** Exercise prompt **
For the entries below, copy exactly the line that contains "Return a numbered" through the line that contains "Numbers: x, y, z, sx, sy, sz, roll, pitch, yaw.", both ends included, and exclude all pictures.

** Dataset records **

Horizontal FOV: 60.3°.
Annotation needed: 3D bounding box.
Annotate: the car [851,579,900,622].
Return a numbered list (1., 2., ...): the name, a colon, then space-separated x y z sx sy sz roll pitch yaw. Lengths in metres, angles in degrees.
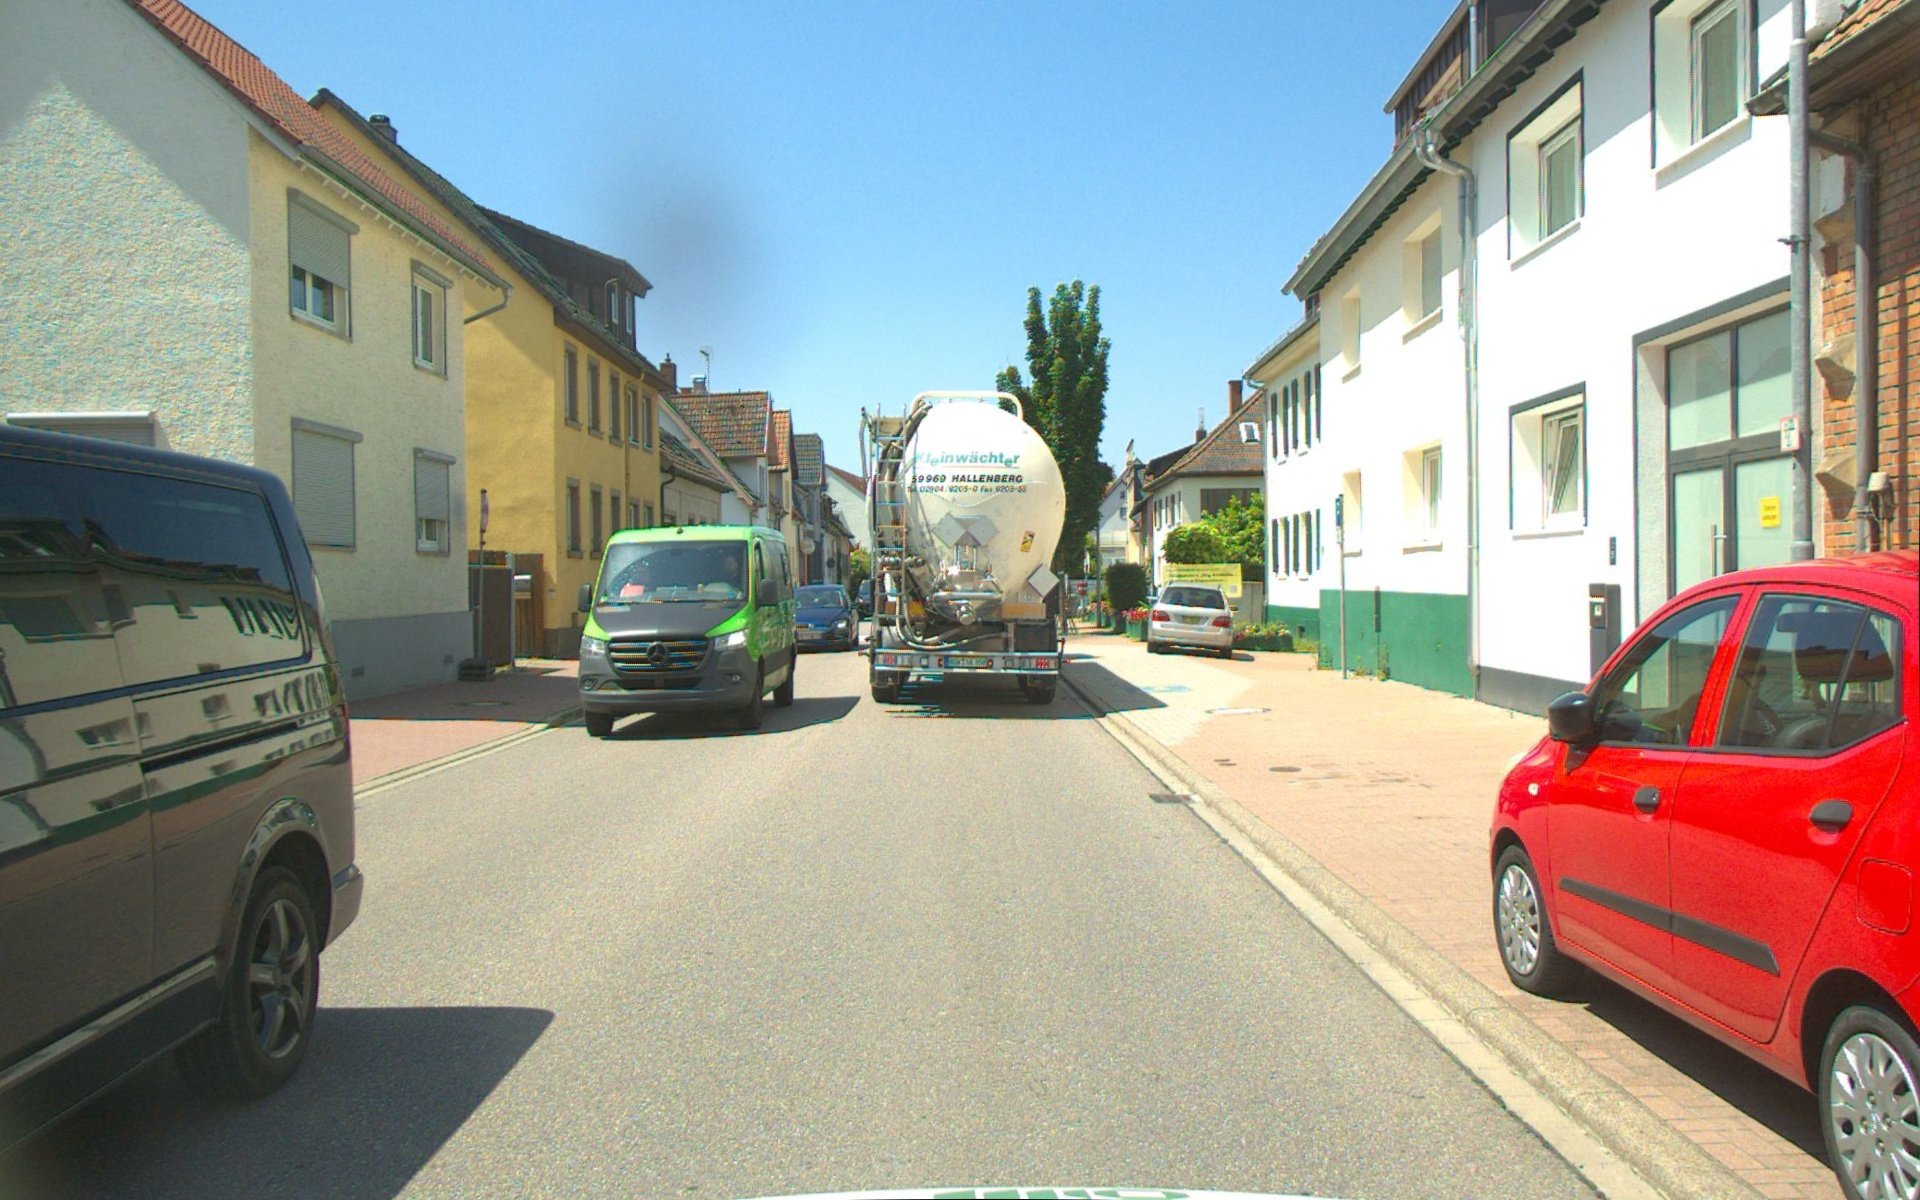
1. car: -3.534 0.002 69.791 1.802 1.699 4.323 -2 1 -1

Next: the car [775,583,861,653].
1. car: -3.421 0.409 40.462 1.729 1.563 4.078 -2 1 -1

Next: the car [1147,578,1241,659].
1. car: 5.038 0.331 35.590 1.776 1.488 4.889 4 1 8

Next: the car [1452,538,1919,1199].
1. car: 2.849 0.610 5.010 1.577 1.554 3.676 -1 1 0

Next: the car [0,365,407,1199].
1. car: -2.899 0.527 3.370 1.843 1.977 5.117 -2 0 -1

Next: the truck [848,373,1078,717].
1. truck: -0.056 -0.651 23.615 2.677 4.029 8.139 1 0 -1

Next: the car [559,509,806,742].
1. car: -3.195 0.234 20.413 2.009 2.394 6.081 -2 1 -1
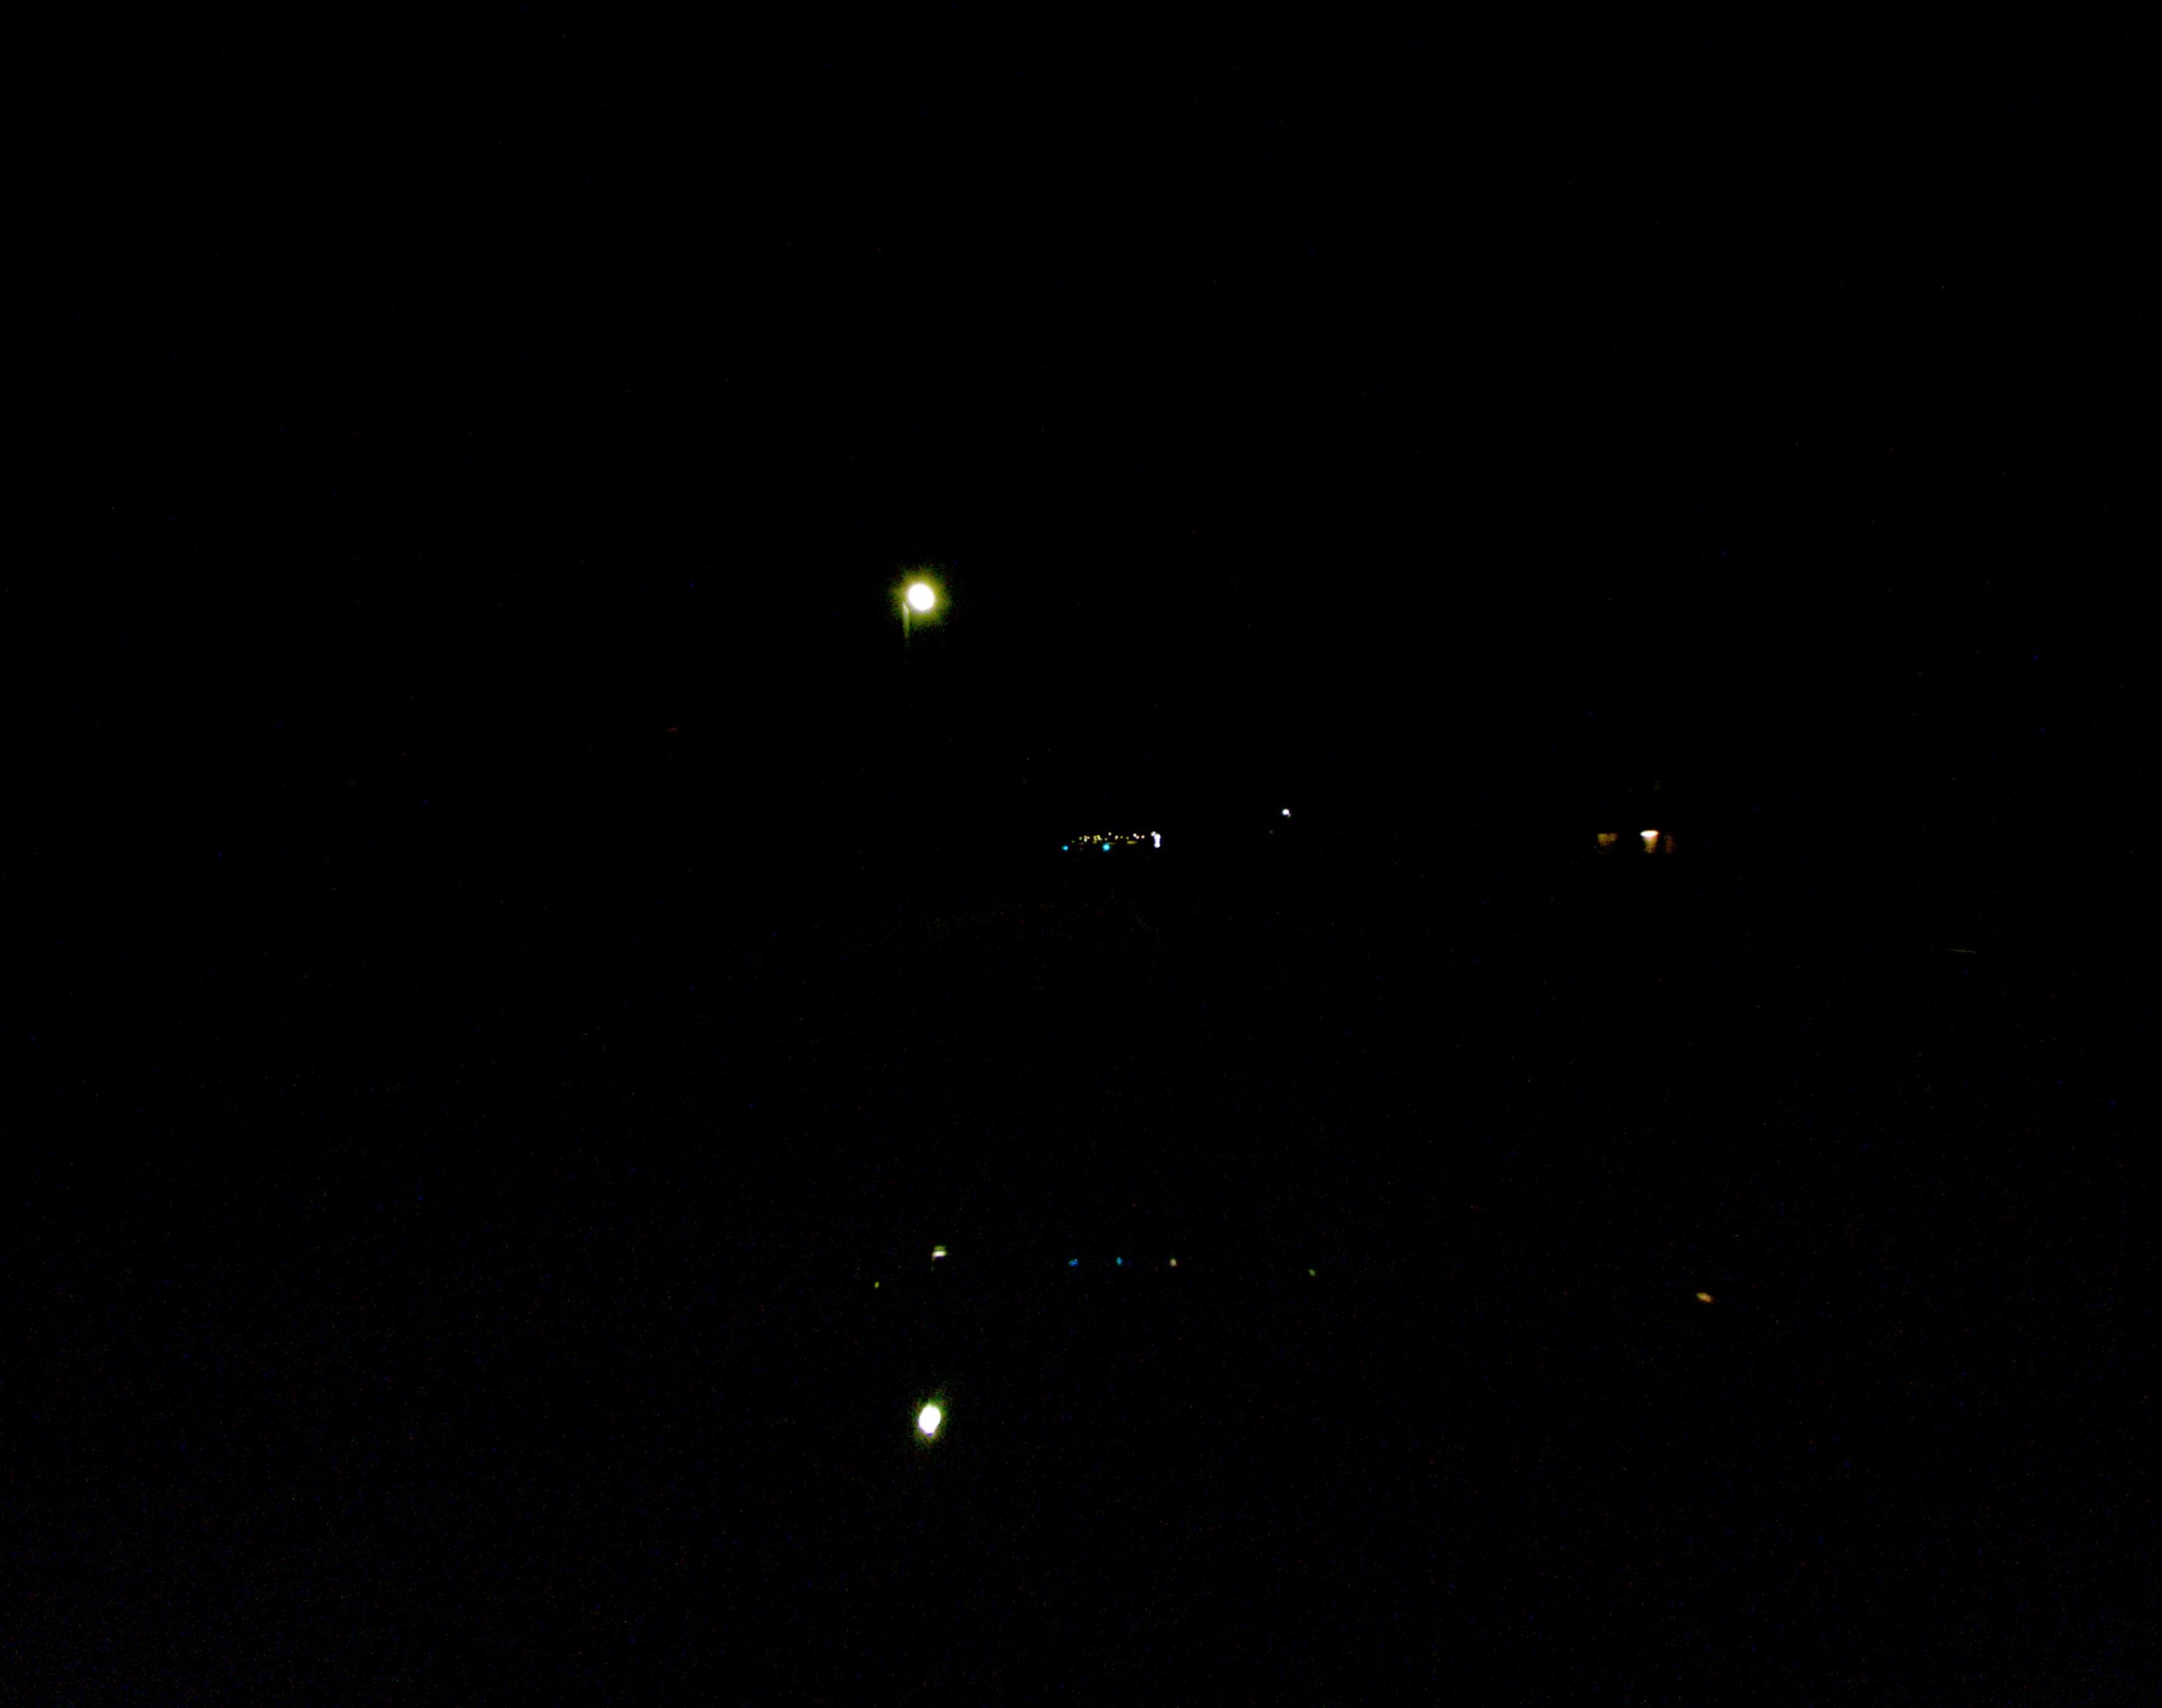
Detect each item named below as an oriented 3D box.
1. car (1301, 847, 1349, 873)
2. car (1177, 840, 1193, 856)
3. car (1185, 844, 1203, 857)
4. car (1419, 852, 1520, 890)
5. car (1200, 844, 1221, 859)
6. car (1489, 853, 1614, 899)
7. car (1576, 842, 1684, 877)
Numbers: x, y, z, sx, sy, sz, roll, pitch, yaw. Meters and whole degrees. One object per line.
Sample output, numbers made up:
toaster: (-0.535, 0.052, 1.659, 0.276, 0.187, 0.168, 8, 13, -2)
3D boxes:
car: (16.536, 0.391, 51.728, 1.768, 1.559, 4.693, 4, 0, 1)
car: (17.235, -0.986, 126.680, 2.164, 2.498, 4.721, 2, 1, 3)
car: (16.883, -0.542, 113.312, 2.124, 1.761, 4.721, 2, 1, 3)
car: (16.233, 0.650, 32.070, 1.904, 1.357, 4.984, 2, 1, 3)
car: (16.972, -0.351, 100.111, 2.124, 1.761, 4.721, 2, 1, 3)
car: (16.073, 0.700, 26.248, 1.732, 1.357, 4.145, 2, 1, 1)
car: (27.337, 0.257, 37.923, 3.997, 1.534, 1.889, -2, 1, -1)
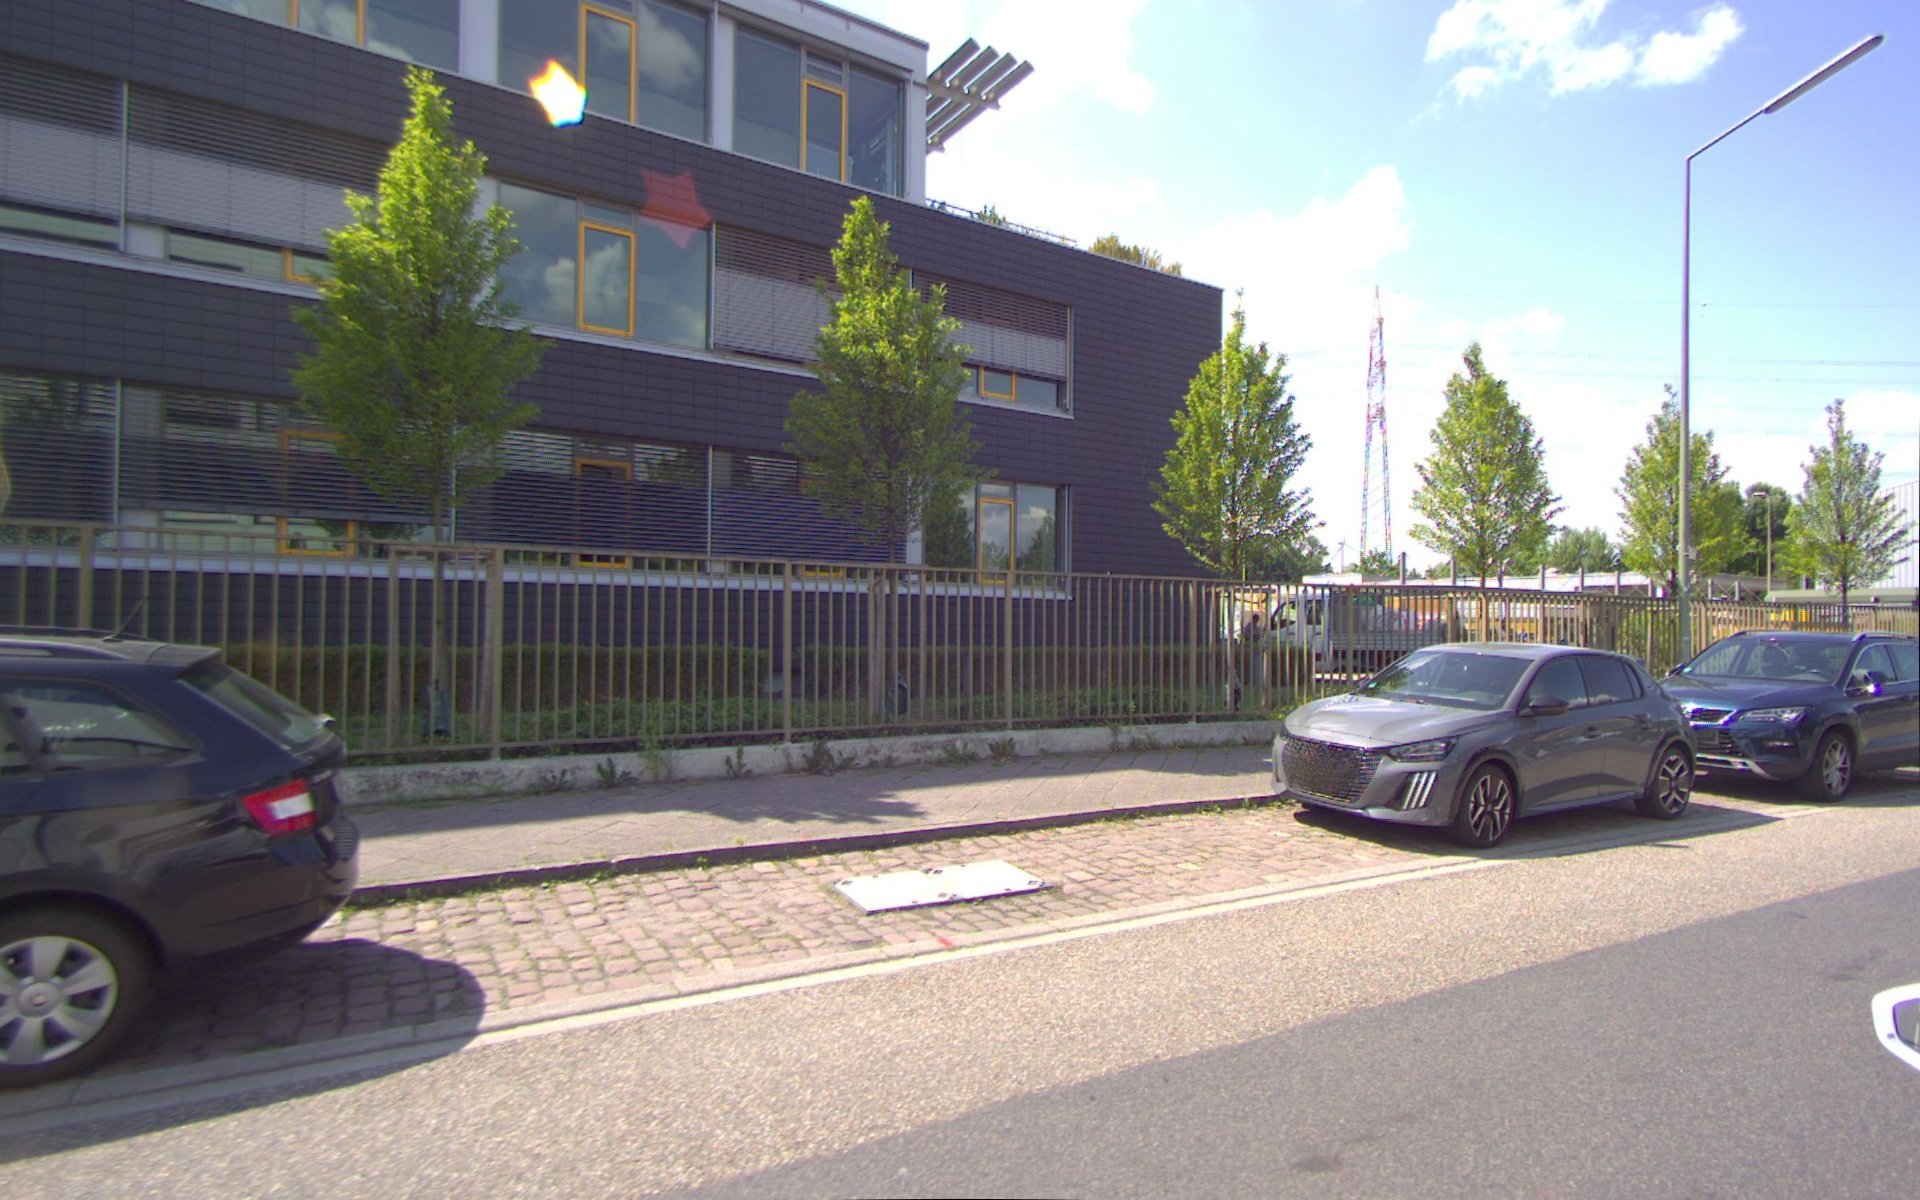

** Exercise solution **
Return a numbered list (1., 2., ...): the name, a colon, then space-separated x y z sx sy sz roll pitch yaw. Lengths in metres, angles in degrees.
1. car: -3.534 0.002 69.791 1.802 1.699 4.323 -2 1 -1

Next: the car [775,583,861,653].
1. car: -3.421 0.409 40.462 1.729 1.563 4.078 -2 1 -1

Next: the car [1147,578,1241,659].
1. car: 5.038 0.331 35.590 1.776 1.488 4.889 4 1 8

Next: the car [1452,538,1919,1199].
1. car: 2.849 0.610 5.010 1.577 1.554 3.676 -1 1 0

Next: the car [0,365,407,1199].
1. car: -2.899 0.527 3.370 1.843 1.977 5.117 -2 0 -1

Next: the truck [848,373,1078,717].
1. truck: -0.056 -0.651 23.615 2.677 4.029 8.139 1 0 -1

Next: the car [559,509,806,742].
1. car: -3.195 0.234 20.413 2.009 2.394 6.081 -2 1 -1
Detect each item named below as an oriented 3D box.
1. car (1301, 847, 1349, 873)
2. car (1177, 840, 1193, 856)
3. car (1185, 844, 1203, 857)
4. car (1419, 852, 1520, 890)
5. car (1200, 844, 1221, 859)
6. car (1489, 853, 1614, 899)
7. car (1576, 842, 1684, 877)
Numbers: x, y, z, sx, sy, sz, roll, pitch, yaw. Meters and whole degrees. One object per line.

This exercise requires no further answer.